Records from a dataset:
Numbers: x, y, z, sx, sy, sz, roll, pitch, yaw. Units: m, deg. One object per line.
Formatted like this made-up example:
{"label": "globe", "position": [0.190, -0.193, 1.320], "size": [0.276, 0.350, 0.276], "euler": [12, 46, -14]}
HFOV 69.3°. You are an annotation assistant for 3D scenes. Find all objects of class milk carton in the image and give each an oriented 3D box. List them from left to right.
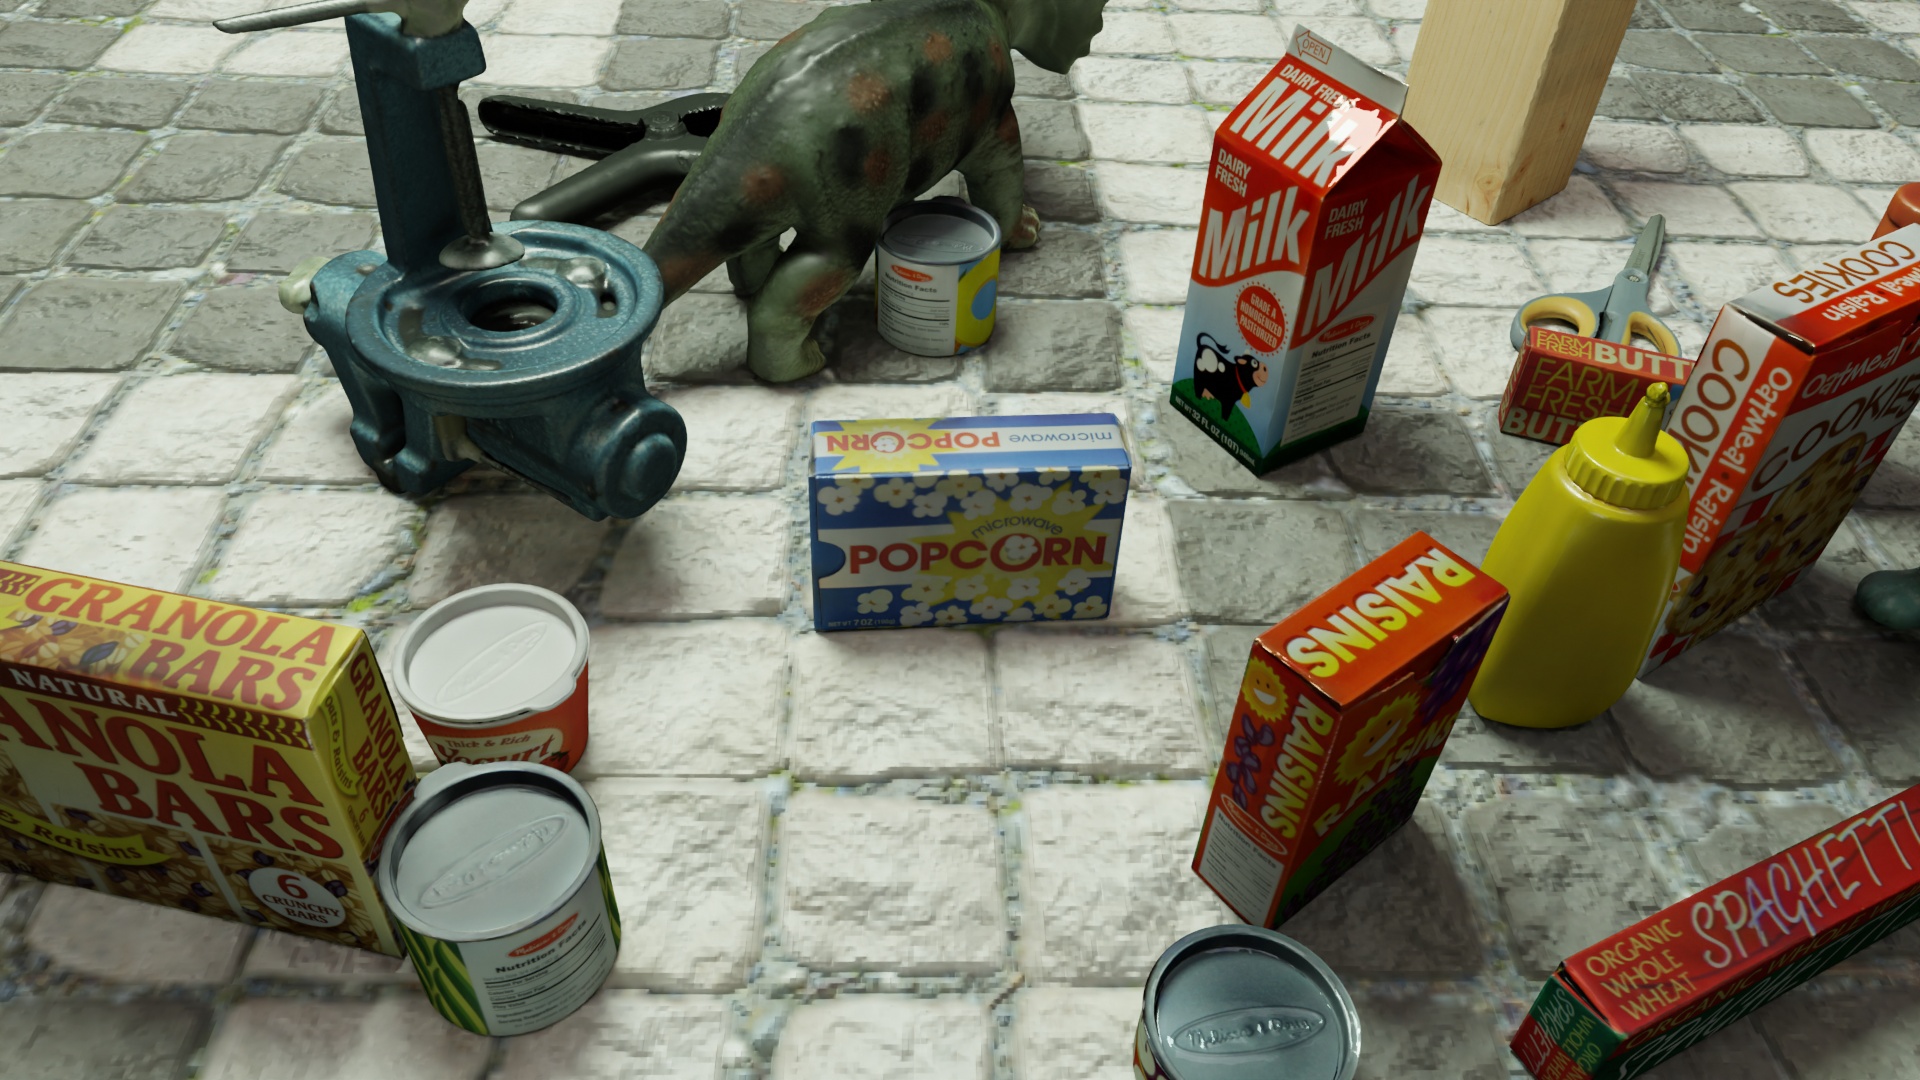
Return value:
{"label": "milk carton", "position": [0.158, -0.132, 0.639], "size": [0.074, 0.189, 0.072], "euler": [-21, 48, -24]}

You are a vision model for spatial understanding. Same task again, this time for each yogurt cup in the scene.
{"label": "yogurt cup", "position": [-0.168, 0.057, 0.510], "size": [0.072, 0.053, 0.073], "euler": [2, 42, -2]}

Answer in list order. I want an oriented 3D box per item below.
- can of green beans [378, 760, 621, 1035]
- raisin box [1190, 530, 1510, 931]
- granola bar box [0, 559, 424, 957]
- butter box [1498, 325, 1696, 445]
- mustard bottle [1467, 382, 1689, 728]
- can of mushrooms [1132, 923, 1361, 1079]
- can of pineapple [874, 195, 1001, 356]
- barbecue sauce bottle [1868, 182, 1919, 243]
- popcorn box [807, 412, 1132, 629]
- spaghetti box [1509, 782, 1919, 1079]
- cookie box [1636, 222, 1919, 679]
{"label": "can of green beans", "position": [-0.145, 0.115, 0.445], "size": [0.071, 0.057, 0.071], "euler": [2, 42, -2]}
{"label": "raisin box", "position": [0.128, 0.067, 0.468], "size": [0.086, 0.122, 0.040], "euler": [-27, 50, -29]}
{"label": "granola bar box", "position": [-0.257, 0.067, 0.441], "size": [0.166, 0.123, 0.039], "euler": [10, 43, 7]}
{"label": "butter box", "position": [0.323, -0.068, 0.681], "size": [0.103, 0.052, 0.024], "euler": [16, 44, 13]}
{"label": "mustard bottle", "position": [0.234, 0.004, 0.517], "size": [0.065, 0.159, 0.049], "euler": [3, 42, -1]}
{"label": "can of mushrooms", "position": [0.088, 0.159, 0.431], "size": [0.071, 0.033, 0.071], "euler": [2, 42, -2]}
{"label": "can of pineapple", "position": [-0.012, -0.140, 0.733], "size": [0.071, 0.057, 0.071], "euler": [2, 42, -2]}
{"label": "barbecue sauce bottle", "position": [0.417, -0.091, 0.642], "size": [0.044, 0.147, 0.065], "euler": [7, 42, 4]}
{"label": "popcorn box", "position": [0.002, -0.007, 0.569], "size": [0.127, 0.084, 0.038], "euler": [-2, 43, -6]}
{"label": "spaghetti box", "position": [0.295, 0.122, 0.473], "size": [0.251, 0.049, 0.029], "euler": [-17, 46, -21]}
{"label": "cookie box", "position": [0.328, -0.033, 0.559], "size": [0.123, 0.166, 0.040], "euler": [-22, 48, -25]}

## Task requirements:
The entries must be repeated exactly. Leave the images out.

## Output:
Numbers: x, y, z, sx, sy, sz, roll, pitch, yaw. Units: m, deg. One object per line.
Formatted like this made-up example:
{"label": "globe", "position": [0.190, -0.193, 1.320], "size": [0.276, 0.350, 0.276], "euler": [12, 46, -14]}
HFOV 69.3°. You are an annotation assistant for 3D scenes. Find all objects of class milk carton in the image and give each an oriented 3D box. List them from left to right.
Return value:
{"label": "milk carton", "position": [0.158, -0.132, 0.639], "size": [0.074, 0.189, 0.072], "euler": [-21, 48, -24]}

You are a vision model for spatial understanding. Same task again, this time for each yogurt cup in the scene.
{"label": "yogurt cup", "position": [-0.168, 0.057, 0.510], "size": [0.072, 0.053, 0.073], "euler": [2, 42, -2]}

Answer in list order. I want an oriented 3D box per item below.
- can of green beans [378, 760, 621, 1035]
- raisin box [1190, 530, 1510, 931]
- granola bar box [0, 559, 424, 957]
- butter box [1498, 325, 1696, 445]
- mustard bottle [1467, 382, 1689, 728]
- can of mushrooms [1132, 923, 1361, 1079]
- can of pineapple [874, 195, 1001, 356]
- barbecue sauce bottle [1868, 182, 1919, 243]
- popcorn box [807, 412, 1132, 629]
- spaghetti box [1509, 782, 1919, 1079]
- cookie box [1636, 222, 1919, 679]
{"label": "can of green beans", "position": [-0.145, 0.115, 0.445], "size": [0.071, 0.057, 0.071], "euler": [2, 42, -2]}
{"label": "raisin box", "position": [0.128, 0.067, 0.468], "size": [0.086, 0.122, 0.040], "euler": [-27, 50, -29]}
{"label": "granola bar box", "position": [-0.257, 0.067, 0.441], "size": [0.166, 0.123, 0.039], "euler": [10, 43, 7]}
{"label": "butter box", "position": [0.323, -0.068, 0.681], "size": [0.103, 0.052, 0.024], "euler": [16, 44, 13]}
{"label": "mustard bottle", "position": [0.234, 0.004, 0.517], "size": [0.065, 0.159, 0.049], "euler": [3, 42, -1]}
{"label": "can of mushrooms", "position": [0.088, 0.159, 0.431], "size": [0.071, 0.033, 0.071], "euler": [2, 42, -2]}
{"label": "can of pineapple", "position": [-0.012, -0.140, 0.733], "size": [0.071, 0.057, 0.071], "euler": [2, 42, -2]}
{"label": "barbecue sauce bottle", "position": [0.417, -0.091, 0.642], "size": [0.044, 0.147, 0.065], "euler": [7, 42, 4]}
{"label": "popcorn box", "position": [0.002, -0.007, 0.569], "size": [0.127, 0.084, 0.038], "euler": [-2, 43, -6]}
{"label": "spaghetti box", "position": [0.295, 0.122, 0.473], "size": [0.251, 0.049, 0.029], "euler": [-17, 46, -21]}
{"label": "cookie box", "position": [0.328, -0.033, 0.559], "size": [0.123, 0.166, 0.040], "euler": [-22, 48, -25]}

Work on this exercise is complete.